Task directions: Starting at the first line of the entries below, please return exactly each line up to and including the one with "doc.units = ezdxf.units.IN"; pictures stay out.

[Records drawn from a dataset]

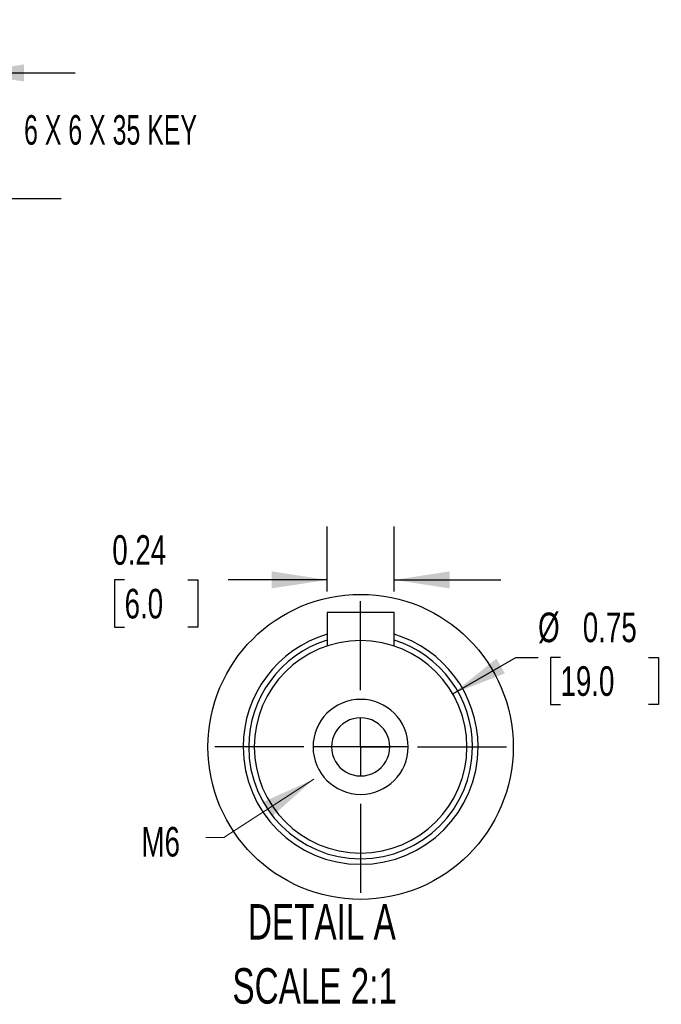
# Model space of a CAD drawing. Header units: inches. Extents: x 0 to 33, y 0 to 25.5.
# Tile 4 of 11: x 15.8 to 20.3, y 6.9 to 13.9. Entities that reach past the tile are written whole.
import ezdxf

# ---------------------------------------------------------------- set-up
doc = ezdxf.new("R2010")
doc.units = ezdxf.units.IN
doc.header["$LTSCALE"] = 3
doc.header["$MEASUREMENT"] = 0
doc.linetypes.add('CENTERX2', pattern=[0.8, 0.5, -0.1, 0.1, -0.1])
doc.layers.add('CENTER', color=40, linetype='CENTERX2')
doc.layers.add('SLD-DEFPOINTS', color=7, linetype='Continuous')
doc.layers.add('DIMENSIONS', color=140, linetype='Continuous', lineweight=25)
doc.layers.add('TEXT', color=140, linetype='Continuous', lineweight=25)
doc.styles.add('SLDTEXTSTYLE0', font='TXT', dxfattribs={"width": 0.7})
doc.styles.add('SLDTEXTSTYLE2', font='TXT', dxfattribs={"width": 0.628571})
doc.dimstyles.new('SLDDIMSTYLE0', dxfattribs={"dimtxt": 0.208333, "dimasz": 0.39, "dimexe": 0, "dimexo": 0.0625, "dimgap": 0.052083, "dimtad": 0, "dimtih": 1, "dimtoh": 1, "dimrnd": 1e-09, "dimzin": 12, "dimdsep": 46, "dimtxsty": 'SLDTEXTSTYLE0', "dimsah": 1, "dimcen": 0.09, "dimadec": 0, "dimazin": 3, "dimtfac": 1, "dimtmove": 0, "dimatfit": 0, "dimfxl": 0, "dimfrac": 2, "dimtolj": 1, "dimtzin": 12, "dimarcsym": 0})
doc.dimstyles.new('SLDDIMSTYLE7', dxfattribs={"dimtxt": 0.208333, "dimasz": 0.39, "dimexe": 0, "dimexo": 0.0625, "dimgap": 0.052083, "dimtad": 0, "dimtih": 1, "dimtoh": 1, "dimlfac": 0.5, "dimrnd": 1e-09, "dimdsep": 46, "dimtxsty": 'SLDTEXTSTYLE0', "dimsah": 1, "dimcen": 0.09, "dimadec": 0, "dimazin": 2, "dimtfac": 1, "dimtmove": 0, "dimatfit": 0, "dimfxl": 0, "dimfrac": 2, "dimtolj": 1, "dimtzin": 12, "dimarcsym": 0})
doc.dimstyles.new('SLDDIMSTYLE8', dxfattribs={"dimtxt": 0.208333, "dimasz": 0.39, "dimexe": 0, "dimexo": 0.0625, "dimgap": 0.052083, "dimtad": 0, "dimtih": 1, "dimtoh": 1, "dimlfac": 0.5, "dimrnd": 1e-09, "dimdsep": 46, "dimtxsty": 'SLDTEXTSTYLE0', "dimsah": 1, "dimcen": 0, "dimadec": 0, "dimazin": 2, "dimtfac": 1, "dimtofl": 0, "dimtmove": 0, "dimatfit": 3, "dimfxl": 0, "dimfrac": 2, "dimtolj": 1, "dimtzin": 12, "dimarcsym": 0})

# ---------------------------------------------------------------- blocks, each defined once
blk = doc.blocks.new('SW_NOTE_0')
at = {"layer": 'TEXT', "color": 0, "linetype": 'CENTERX2', "lineweight": 18, "char_height": 0.25, "attachment_point": 1, "style": 'SLDTEXTSTYLE0'}
for s, insert in [('DETAIL A', (0.1094, 0.3223)), ('SCALE 2:1', (0, -0.1292))]:
    blk.add_mtext(s, dxfattribs=dict(at, insert=insert))
blk = doc.blocks.new('_D')
at = {"layer": 'DIMENSIONS'}
for p, q in [((13.964, 9.0873), (13.964, 12.9911)), ((15.342, 9.0873), (15.342, 12.9911)), ((13.964, 12.6161), (13.214, 12.6161)), ((14.3434, 12.6157), (14.2734, 12.6157)), ((14.2734, 12.6157), (14.2734, 12.2844)), ((14.9626, 12.6157), (15.0326, 12.6157)), ((15.0326, 12.6157), (15.0326, 12.2844)), ((15.342, 12.6161), (16.092, 12.6161)), ((14.2734, 12.2844), (14.3434, 12.2844)), ((15.0326, 12.2844), (14.9626, 12.2844))]:
    blk.add_line(p, q, dxfattribs=at)
for points in [[(13.964, 12.6161), (13.574, 12.6761), (13.574, 12.5561)], [(15.342, 12.6161), (15.732, 12.5561), (15.732, 12.6761)]]:
    blk.add_solid(points, dxfattribs=at)
at = {"layer": 'DIMENSIONS', "char_height": 0.20833, "attachment_point": 1, "style": 'SLDTEXTSTYLE0'}
for s, insert in [('1.38', (14.3434, 12.9309)), ('35.0', (14.3434, 12.5529))]:
    blk.add_mtext(s, dxfattribs=dict(at, insert=insert))
blk = doc.blocks.new('_D_7')
at = {"layer": 'DIMENSIONS'}
for p, q in [((13.8656, 12.7061), (13.8656, 13.8746)), ((15.4404, 12.7061), (15.4404, 13.8746)), ((13.8656, 13.4996), (13.1156, 13.4996)), ((14.3434, 13.4992), (14.2734, 13.4992)), ((14.2734, 13.4992), (14.2734, 13.1679)), ((14.9626, 13.4992), (15.0326, 13.4992)), ((15.0326, 13.4992), (15.0326, 13.1679)), ((15.4404, 13.4996), (16.1904, 13.4996)), ((14.2734, 13.1679), (14.3434, 13.1679)), ((15.0326, 13.1679), (14.9626, 13.1679)), ((15.4404, 8.9889), (15.4404, 12.5261))]:
    blk.add_line(p, q, dxfattribs=at)
for points in [[(13.8656, 13.4996), (13.4756, 13.5596), (13.4756, 13.4396)], [(15.4404, 13.4996), (15.8304, 13.4396), (15.8304, 13.5596)]]:
    blk.add_solid(points, dxfattribs=at)
at = {"layer": 'DIMENSIONS', "char_height": 0.20833, "attachment_point": 1, "style": 'SLDTEXTSTYLE0'}
for s, insert in [('1.57', (14.3434, 13.8144)), ('40.0', (14.3434, 13.4364))]:
    blk.add_mtext(s, dxfattribs=dict(at, insert=insert))
blk = doc.blocks.new('_D_15')
at = {"layer": 'DIMENSIONS'}
for p, q in [((17.9638, 9.8496), (17.9638, 10.3054)), ((18.4363, 9.8496), (18.4363, 10.3054)), ((16.5393, 9.9299), (16.4693, 9.9299)), ((16.4693, 9.9299), (16.4693, 9.5986)), ((16.9852, 9.9299), (17.0552, 9.9299)), ((17.0552, 9.9299), (17.0552, 9.5986)), ((17.9638, 9.9304), (17.2675, 9.9304)), ((18.4363, 9.9304), (19.1863, 9.9304)), ((16.4693, 9.5986), (16.5393, 9.5986)), ((17.0552, 9.5986), (16.9852, 9.5986))]:
    blk.add_line(p, q, dxfattribs=at)
for points in [[(17.9638, 9.9304), (17.5738, 9.9904), (17.5738, 9.8704)], [(18.4363, 9.9304), (18.8263, 9.8704), (18.8263, 9.9904)]]:
    blk.add_solid(points, dxfattribs=at)
at = {"layer": 'DIMENSIONS', "char_height": 0.20833, "attachment_point": 1, "style": 'SLDTEXTSTYLE0'}
for s, insert in [('0.24', (16.4527, 10.2451)), ('6.0', (16.5393, 9.8672))]:
    blk.add_mtext(s, dxfattribs=dict(at, insert=insert))
blk = doc.blocks.new('_D_16')
at = {"layer": 'DIMENSIONS'}
for p, q in [((18.8479, 9.1287), (19.2917, 9.385)), ((19.2917, 9.385), (19.449, 9.385)), ((19.6064, 9.385), (19.5364, 9.385)), ((19.5364, 9.385), (19.5364, 9.0537)), ((20.2256, 9.385), (20.2956, 9.385)), ((20.2956, 9.385), (20.2956, 9.0537)), ((19.5364, 9.0537), (19.6064, 9.0537)), ((20.2956, 9.0537), (20.2256, 9.0537))]:
    blk.add_line(p, q, dxfattribs=at)
blk.add_solid([(18.8479, 9.1287), (19.2156, 9.2718), (19.1556, 9.3757)], dxfattribs=at)
at = {"layer": 'DIMENSIONS', "char_height": 0.20833, "attachment_point": 1, "style": 'SLDTEXTSTYLE0'}
for s, insert in [('%%c', (19.449, 9.7002)), ('0.75', (19.7638, 9.7002)), ('19.0', (19.6064, 9.3222))]:
    blk.add_mtext(s, dxfattribs=dict(at, insert=insert))
blk = doc.blocks.new('SW_CENTERMARKSYMBOL_6')
at = {"layer": 'CENTER', "color": 0}
for p, q in [((0, 0.4), (0, 1.0268)), ((0, 0), (0, 0.2)), ((-0.4, 0), (-1.0268, 0)), ((0, 0), (-0.2, 0)), ((0, 0), (0.2, 0)), ((0, 0), (0, -0.2)), ((0.4, 0), (1.0268, 0)), ((0, -0.4), (0, -1.0268))]:
    blk.add_line(p, q, dxfattribs=at)

msp = doc.modelspace()

# ---------------------------------------------------------------- linework, layer by layer
for p, q in [((17.9638, 9.6996), (17.9638, 9.4645)), ((18.4363, 9.6996), (17.9638, 9.6996)), ((18.4363, 9.4645), (18.4363, 9.6996)), ((17.9953, 8.7547), (17.8654, 8.7547)), ((18.2, 8.7547), (17.9953, 8.7547)), ((18.4048, 8.7547), (18.2, 8.7547)), ((18.5347, 8.7547), (18.4048, 8.7547))]:
    msp.add_line(p, q)
for radius, start, end in [(0.8268, 106.60153, 180.00003), (0.7874, 107.45761, 179.99999), (0.748, 0, 180), (0.8268, 0.00001, 73.39844), (0.7874, 359.99999, 72.5424), (0.3346, 360, 180), (0.2047, 359.99999, 180.00001), (0.8268, 180, 0), (0.7874, 180.00001, 359.99999), (0.748, 180, 0), (0.3346, 180.00001, 359.99999), (0.2047, 179.99999, 0.00001)]:
    msp.add_arc((18.2, 8.7547), radius, start, end)
msp.add_solid([(17.8702, 8.5269), (17.5106, 8.3645), (17.5761, 8.2639)])
at = {"layer": 'SLD-DEFPOINTS'}
msp.add_circle((18.2, 8.7547), 1.0739, dxfattribs=at)
at = {"layer": 'TEXT', "linetype": 'CENTERX2', "lineweight": 18, "flags": 128}
msp.add_lwpolyline([(17.1105, 8.116), (17.2387, 8.116), (17.8702, 8.5269)], dxfattribs=at)

# ---------------------------------------------------------------- block references
at = {"layer": 'CENTER'}
msp.add_blockref('SW_CENTERMARKSYMBOL_6', (18.2, 8.7547), dxfattribs=at)
at = {"layer": 'TEXT', "linetype": 'CENTERX2', "lineweight": 18}
msp.add_blockref('SW_NOTE_0', (17.298, 7.3257), dxfattribs=at)

# ---------------------------------------------------------------- texts
at = {"layer": 'TEXT', "linetype": 'CENTERX2', "lineweight": 18, "attachment_point": 1}
for s, insert, char_height, style in [('6 X 6 X 35 KEY', (15.8319, 13.2029), 0.208333, 'SLDTEXTSTYLE2'), ('M6', (16.6582, 8.191), 0.20833, 'SLDTEXTSTYLE0')]:
    msp.add_mtext(s, dxfattribs=dict(at, insert=insert, char_height=char_height, style=style))

# ---------------------------------------------------------------- dimensions: what is measured, and where the dimension line sits
at = {"layer": 'DIMENSIONS'}
for base, p1, p2, dimstyle, picture, middle in [((13.8656, 13.4996), (15.4404, 8.8389), (13.8656, 12.4019), 'SLDDIMSTYLE0', '_D_7', (14.653, 13.4996)), ((15.342, 12.6161), (13.964, 8.9373), (15.342, 8.9373), 'SLDDIMSTYLE0', '_D', (14.653, 12.6161)), ((18.4363, 9.9304), (17.9638, 9.6996), (18.4363, 9.6996), 'SLDDIMSTYLE7', '_D_15', (16.7623, 9.9304))]:
    dim = msp.add_linear_dim(base=base, p1=p1, p2=p2, dimstyle=dimstyle, dxfattribs=at)
    dim.commit()
    dim.dimension.update_dxf_attribs({"geometry": picture, "text_midpoint": middle, "dimtype": 160})
dim = msp.add_diameter_dim_2p(p1=(17.5522, 8.3807), p2=(18.8479, 9.1287), dimstyle='SLDDIMSTYLE8', dxfattribs=at)
dim.commit()
dim.dimension.update_dxf_attribs({"geometry": '_D_16', "text_midpoint": (19.916, 9.385), "dimtype": 163})

doc.saveas('drawing.dxf')

Solved problem:
# Model space of a CAD drawing. Header units: inches. Extents: x 0 to 33, y 0 to 25.5.
# Tile 4 of 11: x 15.8 to 20.3, y 6.9 to 13.9. Entities that reach past the tile are written whole.
import ezdxf

# ---------------------------------------------------------------- set-up
doc = ezdxf.new("R2010")
doc.units = ezdxf.units.IN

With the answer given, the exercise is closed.